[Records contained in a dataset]
---------------

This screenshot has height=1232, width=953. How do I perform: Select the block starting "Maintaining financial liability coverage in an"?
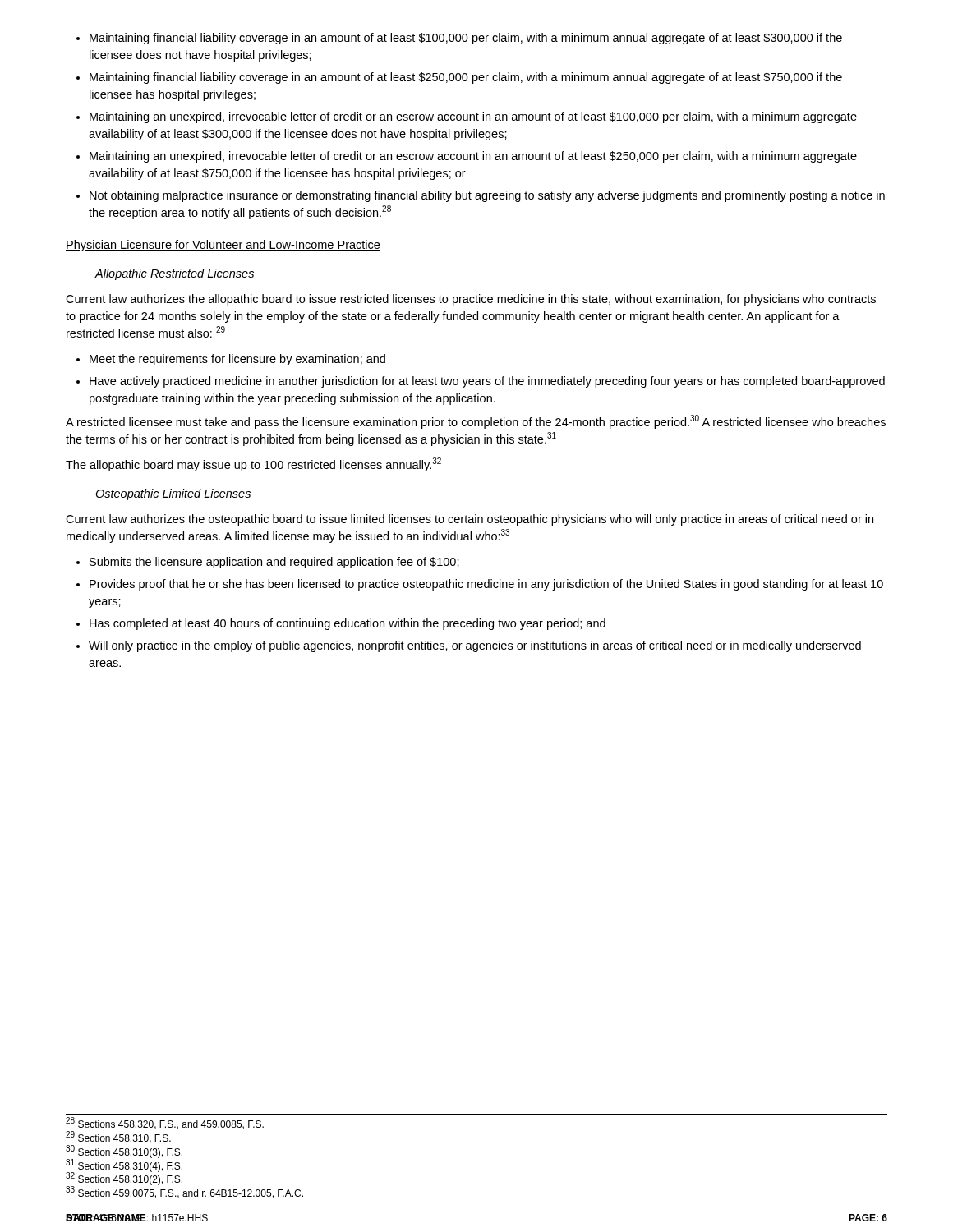476,126
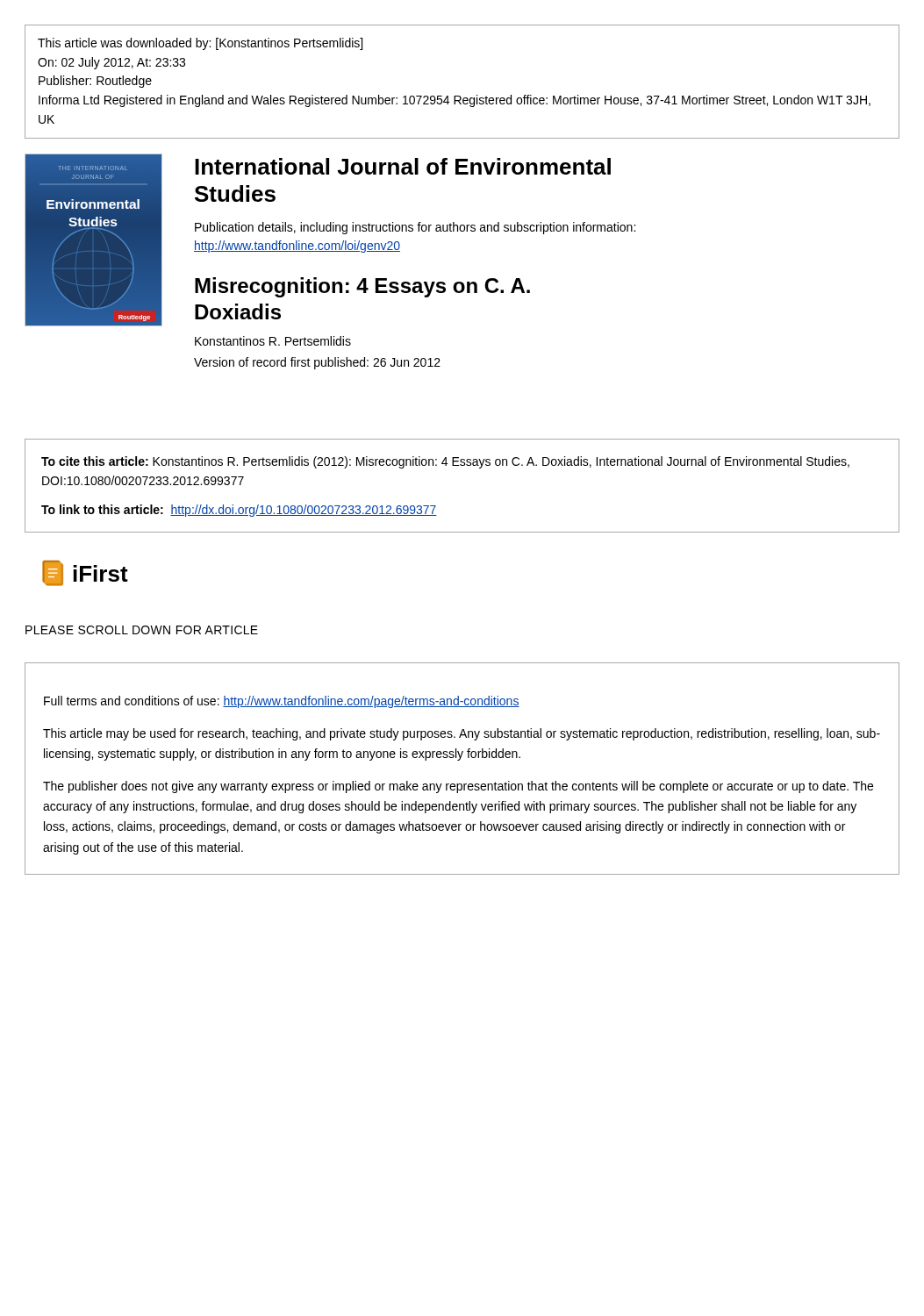Click on the text block starting "International Journal of EnvironmentalStudies"

403,180
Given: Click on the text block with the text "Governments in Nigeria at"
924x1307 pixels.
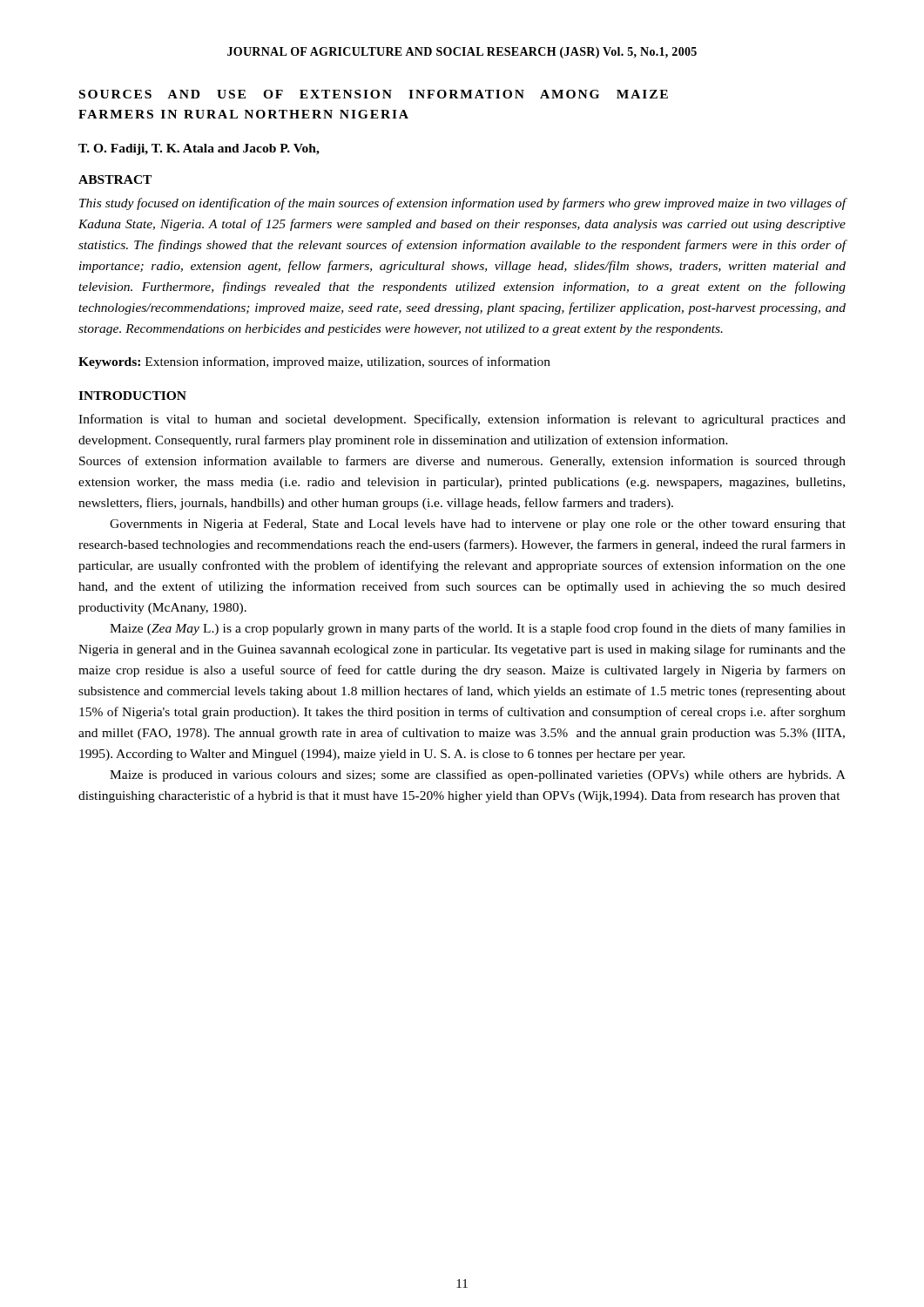Looking at the screenshot, I should click(462, 565).

---------------

## Goal of the exercise
Give the data again exactly as it stands, apart from the pictures.

## Worked solution
This screenshot has height=1232, width=953. How do I perform: Select the block starting "Maintaining financial liability coverage in an"?
476,126
Click on the text block starting "International Journal of EnvironmentalStudies"

403,180
Given: Click on the text block with the text "Governments in Nigeria at"
924x1307 pixels.
Looking at the screenshot, I should click(462, 565).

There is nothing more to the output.